**Instructions to follow:** What's wanted is a faithful retyping of every entry, pictures excluded.

Stored data entries
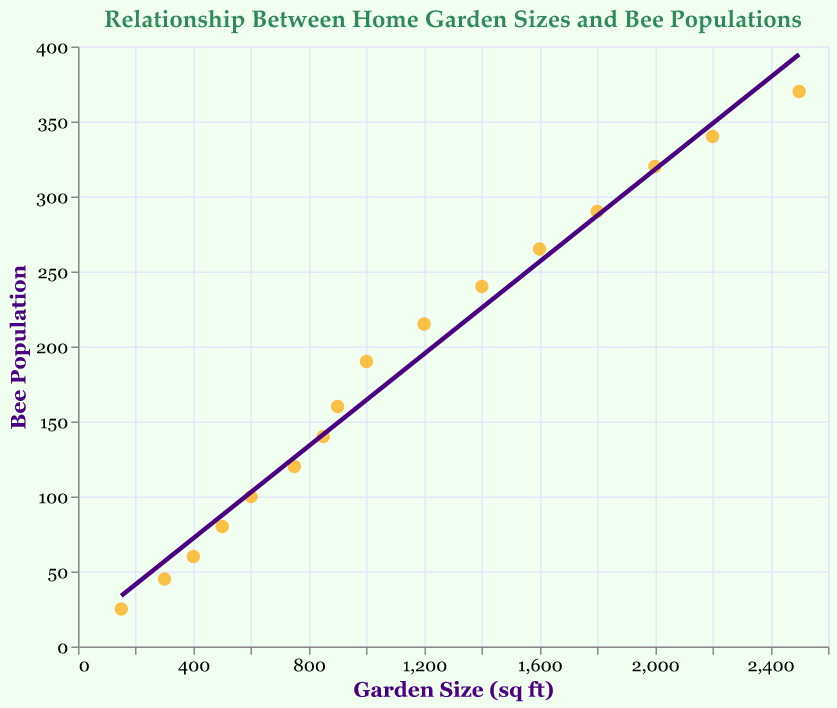What is the title of the plot? The title of the plot is clearly displayed at the top and it reads: "Relationship Between Home Garden Sizes and Bee Populations"
Answer: Relationship Between Home Garden Sizes and Bee Populations How many data points are plotted on the scatter plot? Each pair of garden size and bee population represents one data point, and there are 16 pairs in the dataset provided.
Answer: 16 What is the color of the trend line? The trend line is represented by a solid line through the data points and it is colored in a shade of purple.
Answer: Purple Which garden size has the highest bee population? By looking at the highest point on the y-axis corresponding to bee population, the garden size is 2500 square feet with a bee population of 370.
Answer: 2500 square feet Is there a positive or negative relationship between garden size and bee population? The trend line slopes upwards from left to right, indicating a positive relationship between garden size and bee population.
Answer: Positive What is the bee population for a garden size of 1200 square feet? Find the data point where the x-axis value is 1200, and observe the corresponding y-axis value, which is 215.
Answer: 215 What is the bee population for the smallest garden size in the plot? Look at the data point with the smallest x-axis value (150 sqft), and the y-axis value for bee population is 25.
Answer: 25 Given the trend in the plot, if a garden size increases from 1000 square feet to 2000 square feet, what is the approximate increase in bee population? From the plot, for a 1000 square feet garden size, the bee population is 190, and for 2000 square feet, it is 320. The approximate increase is 320 - 190 = 130.
Answer: 130 
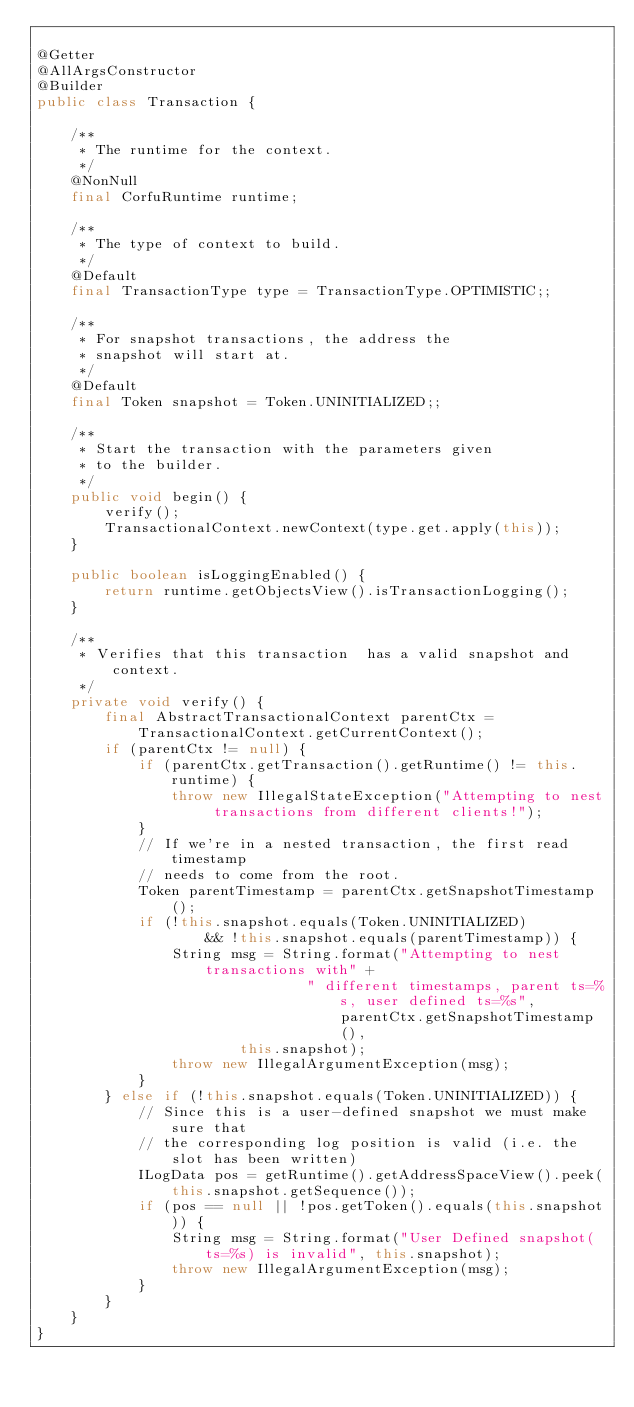<code> <loc_0><loc_0><loc_500><loc_500><_Java_>
@Getter
@AllArgsConstructor
@Builder
public class Transaction {

    /**
     * The runtime for the context.
     */
    @NonNull
    final CorfuRuntime runtime;

    /**
     * The type of context to build.
     */
    @Default
    final TransactionType type = TransactionType.OPTIMISTIC;;

    /**
     * For snapshot transactions, the address the
     * snapshot will start at.
     */
    @Default
    final Token snapshot = Token.UNINITIALIZED;;

    /**
     * Start the transaction with the parameters given
     * to the builder.
     */
    public void begin() {
        verify();
        TransactionalContext.newContext(type.get.apply(this));
    }

    public boolean isLoggingEnabled() {
        return runtime.getObjectsView().isTransactionLogging();
    }

    /**
     * Verifies that this transaction  has a valid snapshot and context.
     */
    private void verify() {
        final AbstractTransactionalContext parentCtx = TransactionalContext.getCurrentContext();
        if (parentCtx != null) {
            if (parentCtx.getTransaction().getRuntime() != this.runtime) {
                throw new IllegalStateException("Attempting to nest transactions from different clients!");
            }
            // If we're in a nested transaction, the first read timestamp
            // needs to come from the root.
            Token parentTimestamp = parentCtx.getSnapshotTimestamp();
            if (!this.snapshot.equals(Token.UNINITIALIZED)
                    && !this.snapshot.equals(parentTimestamp)) {
                String msg = String.format("Attempting to nest transactions with" +
                                " different timestamps, parent ts=%s, user defined ts=%s", parentCtx.getSnapshotTimestamp(),
                        this.snapshot);
                throw new IllegalArgumentException(msg);
            }
        } else if (!this.snapshot.equals(Token.UNINITIALIZED)) {
            // Since this is a user-defined snapshot we must make sure that
            // the corresponding log position is valid (i.e. the slot has been written)
            ILogData pos = getRuntime().getAddressSpaceView().peek(this.snapshot.getSequence());
            if (pos == null || !pos.getToken().equals(this.snapshot)) {
                String msg = String.format("User Defined snapshot(ts=%s) is invalid", this.snapshot);
                throw new IllegalArgumentException(msg);
            }
        }
    }
}
</code>

**Response:**
What is the title of the plot? The title of the plot is clearly displayed at the top and it reads: "Relationship Between Home Garden Sizes and Bee Populations"
Answer: Relationship Between Home Garden Sizes and Bee Populations How many data points are plotted on the scatter plot? Each pair of garden size and bee population represents one data point, and there are 16 pairs in the dataset provided.
Answer: 16 What is the color of the trend line? The trend line is represented by a solid line through the data points and it is colored in a shade of purple.
Answer: Purple Which garden size has the highest bee population? By looking at the highest point on the y-axis corresponding to bee population, the garden size is 2500 square feet with a bee population of 370.
Answer: 2500 square feet Is there a positive or negative relationship between garden size and bee population? The trend line slopes upwards from left to right, indicating a positive relationship between garden size and bee population.
Answer: Positive What is the bee population for a garden size of 1200 square feet? Find the data point where the x-axis value is 1200, and observe the corresponding y-axis value, which is 215.
Answer: 215 What is the bee population for the smallest garden size in the plot? Look at the data point with the smallest x-axis value (150 sqft), and the y-axis value for bee population is 25.
Answer: 25 Given the trend in the plot, if a garden size increases from 1000 square feet to 2000 square feet, what is the approximate increase in bee population? From the plot, for a 1000 square feet garden size, the bee population is 190, and for 2000 square feet, it is 320. The approximate increase is 320 - 190 = 130.
Answer: 130 
<code> <loc_0><loc_0><loc_500><loc_500><_Java_>
@Getter
@AllArgsConstructor
@Builder
public class Transaction {

    /**
     * The runtime for the context.
     */
    @NonNull
    final CorfuRuntime runtime;

    /**
     * The type of context to build.
     */
    @Default
    final TransactionType type = TransactionType.OPTIMISTIC;;

    /**
     * For snapshot transactions, the address the
     * snapshot will start at.
     */
    @Default
    final Token snapshot = Token.UNINITIALIZED;;

    /**
     * Start the transaction with the parameters given
     * to the builder.
     */
    public void begin() {
        verify();
        TransactionalContext.newContext(type.get.apply(this));
    }

    public boolean isLoggingEnabled() {
        return runtime.getObjectsView().isTransactionLogging();
    }

    /**
     * Verifies that this transaction  has a valid snapshot and context.
     */
    private void verify() {
        final AbstractTransactionalContext parentCtx = TransactionalContext.getCurrentContext();
        if (parentCtx != null) {
            if (parentCtx.getTransaction().getRuntime() != this.runtime) {
                throw new IllegalStateException("Attempting to nest transactions from different clients!");
            }
            // If we're in a nested transaction, the first read timestamp
            // needs to come from the root.
            Token parentTimestamp = parentCtx.getSnapshotTimestamp();
            if (!this.snapshot.equals(Token.UNINITIALIZED)
                    && !this.snapshot.equals(parentTimestamp)) {
                String msg = String.format("Attempting to nest transactions with" +
                                " different timestamps, parent ts=%s, user defined ts=%s", parentCtx.getSnapshotTimestamp(),
                        this.snapshot);
                throw new IllegalArgumentException(msg);
            }
        } else if (!this.snapshot.equals(Token.UNINITIALIZED)) {
            // Since this is a user-defined snapshot we must make sure that
            // the corresponding log position is valid (i.e. the slot has been written)
            ILogData pos = getRuntime().getAddressSpaceView().peek(this.snapshot.getSequence());
            if (pos == null || !pos.getToken().equals(this.snapshot)) {
                String msg = String.format("User Defined snapshot(ts=%s) is invalid", this.snapshot);
                throw new IllegalArgumentException(msg);
            }
        }
    }
}
</code>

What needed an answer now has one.